Define success before starting: - Primary metric: User satisfaction - Secondary metrics: Query success rate, time to answer - Business metric: Support ticket reduction - Success threshold: 15% improvement minimum
If you can't measure it, you can't improve it. Define metrics before implementation, not after.
Real-World Examples: When Smart Beats Perfect
Customer Support Query Analysis
We analyzed support queries and found clear patterns:
Queries that work well: - "Show me last 10 support tickets" - "First 10 tickets about battery complaints" - "Jason's support tickets"
These are simple filters and limits—basic capabilities we already have.
Queries that fail: - "Is Jason a good customer support rep?" - "Who is going to churn and why?" - "What do people complain about most?"
These require completely different capabilities: reputation scoring, churn prediction, and summarization. You can't solve these with simple RAG—you need specialized systems.
Using O1 Pro for Analysis
Here's a practical tip: Take your clusters with 10-20 example queries each, pass them to O1 Pro, and ask it to identify capability requirements. It's remarkably good at spotting patterns humans miss.
O1 Pro can help identify: - Common capability gaps across clusters - Potential solutions for each gap - Implementation complexity estimates - Dependencies between capabilities
The "Make AI Better" Reframing
Here's what I want to stick in your mind: Next time someone says "make the AI better," don't accept that framing. Instead, reframe it:
- Which specific segment of queries needs improvement?
- By how much do we need to improve it? (target metrics)
- What experiments will achieve this improvement?
- What's the expected ROI of this work?
For example, instead of "make the AI better," you might discover: "Scheduling queries (8% of volume, 25% satisfaction) need improvement. We'll add datetime filtering to reach 70% satisfaction, reducing support tickets by 15%."
This transforms vague requests into actionable projects with measurable outcomes. Your manager can't argue with data showing which specific improvements will drive business value.
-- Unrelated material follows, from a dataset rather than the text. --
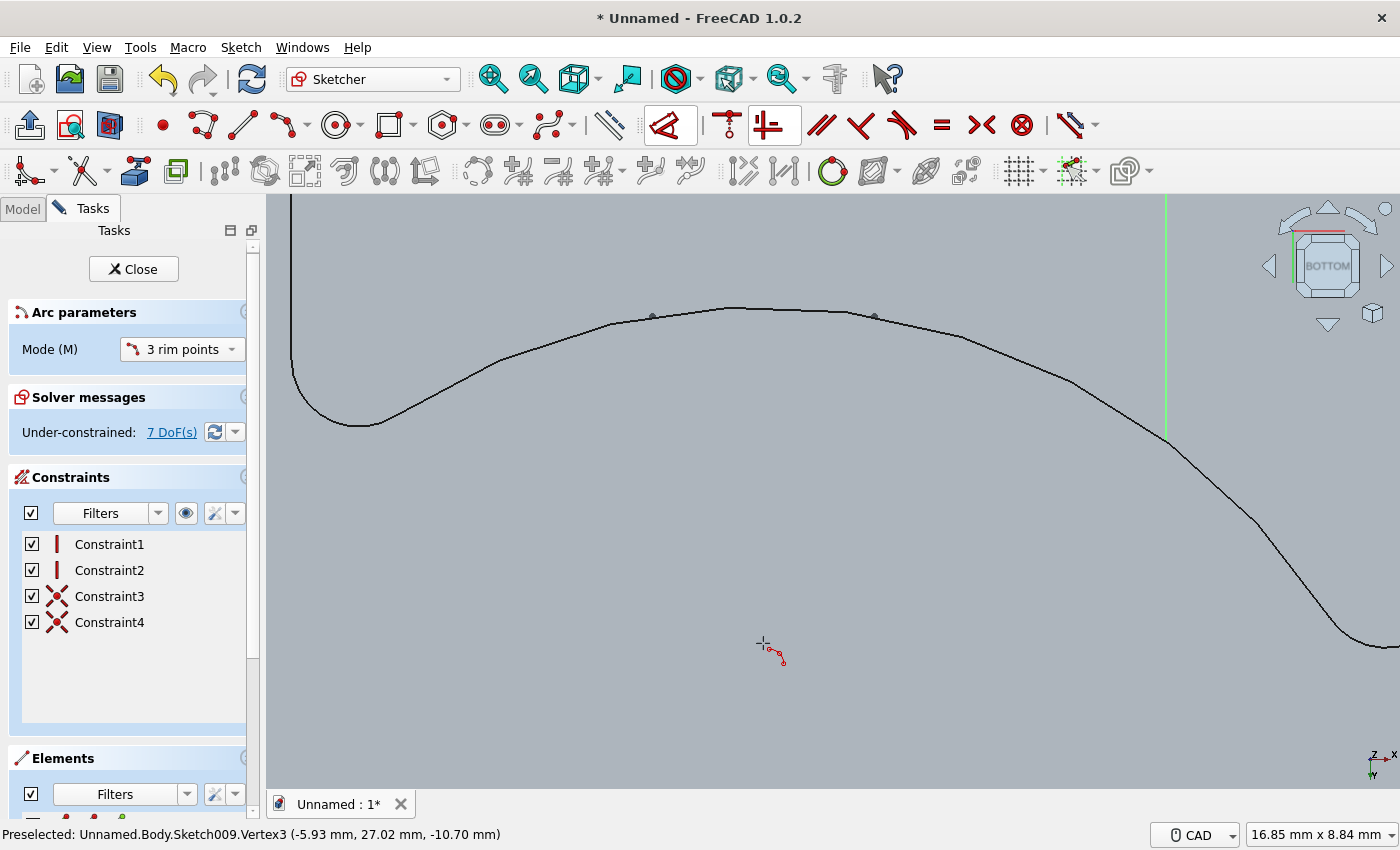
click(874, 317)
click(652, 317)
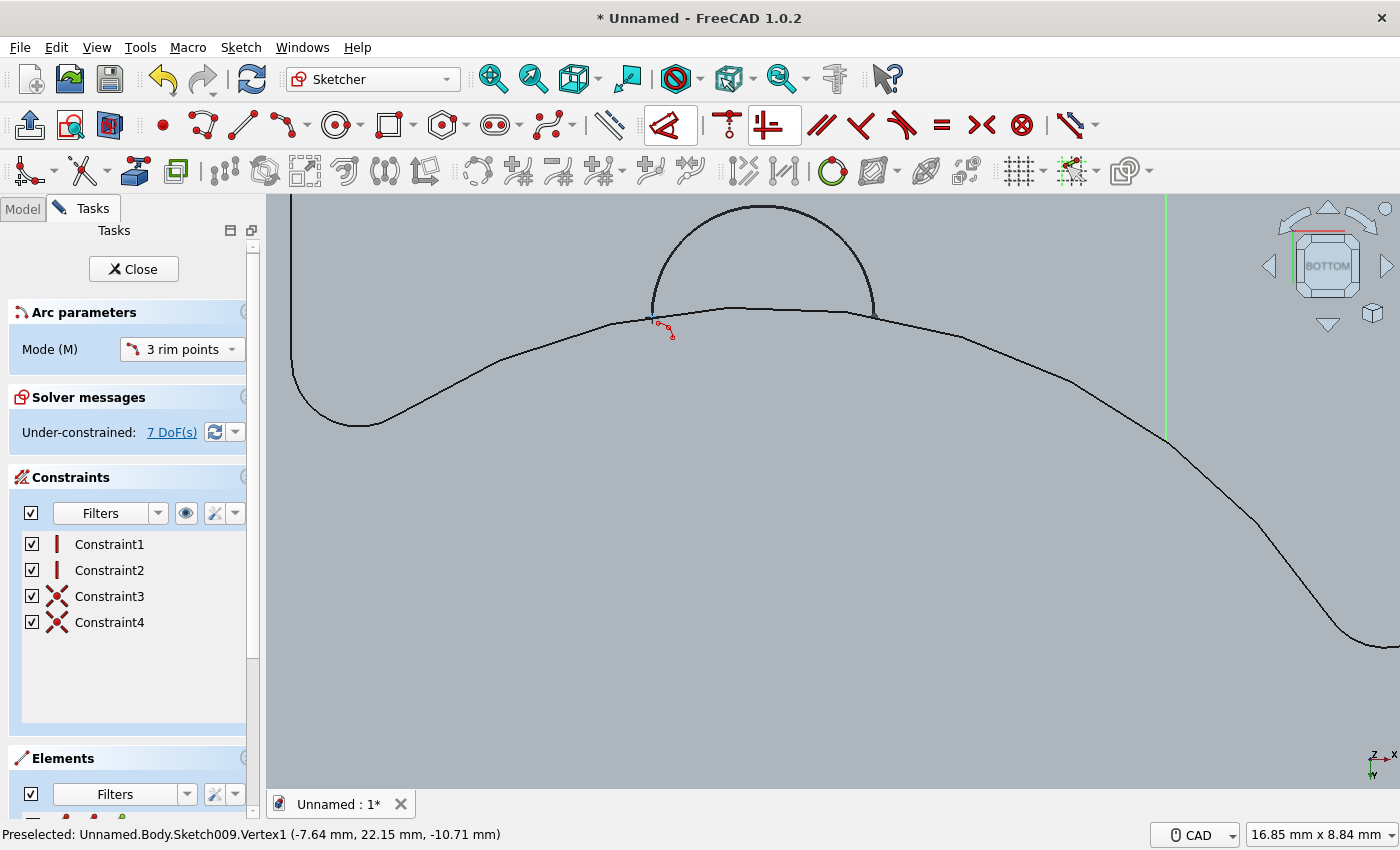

Integration with the Broader System
Your prioritization feeds into:
- Chapter 5: Building specialized retrievers for high-priority segments
- Chapter 6: Routing strategies for different capability types
- Chapter 3: Updating feedback collection based on learnings
Practical Exercises
Exercise 1: Classify Your Issues
Take your top 10 underperforming segments and classify them:
For each underperforming segment: 1. Sample 20 queries 2. Check inventory indicators (low similarity, no results) 3. Check capability indicators (can't filter, can't compare) 4. Classify as inventory, capability, or both 5. Use classification to guide solution approach
Exercise 2: Build Your First Roadmap
Create a 4-week improvement plan:
Your First 4-Week Roadmap:
Week 1: Analysis - Cluster queries into segments - Analyze satisfaction by segment - Classify issues (inventory vs capability) - Identify quick wins
Week 2: Quick Wins - Add missing documentation - Update outdated content - Fix broken data pipelines - Measure impact
Week 3-4: First Capability - Choose highest-impact capability - Design solution - Implement and test - Deploy and monitor
This gets you from analysis to impact in one month.
Key Takeaways
- Distinguish inventory from capability issues - They require different solutions
- Use the Expected Value formula - Impact × Volume × Success guides prioritization
- Balance your portfolio - Mix quick wins with strategic improvements
- Track user adaptation - Behavior changes as you improve
- Start simple - The easiest solution that works is usually best
- Measure everything - Define success metrics before implementing
Next Steps
With your prioritized roadmap in hand, you're ready to build specialized solutions. Chapter 5 shows how to create targeted retrievers for your high-priority segments, while Chapter 6 explains how to route queries to the right solution.
Remember: The goal isn't to fix everything at once. It's to systematically improve the segments that matter most to your users and your business.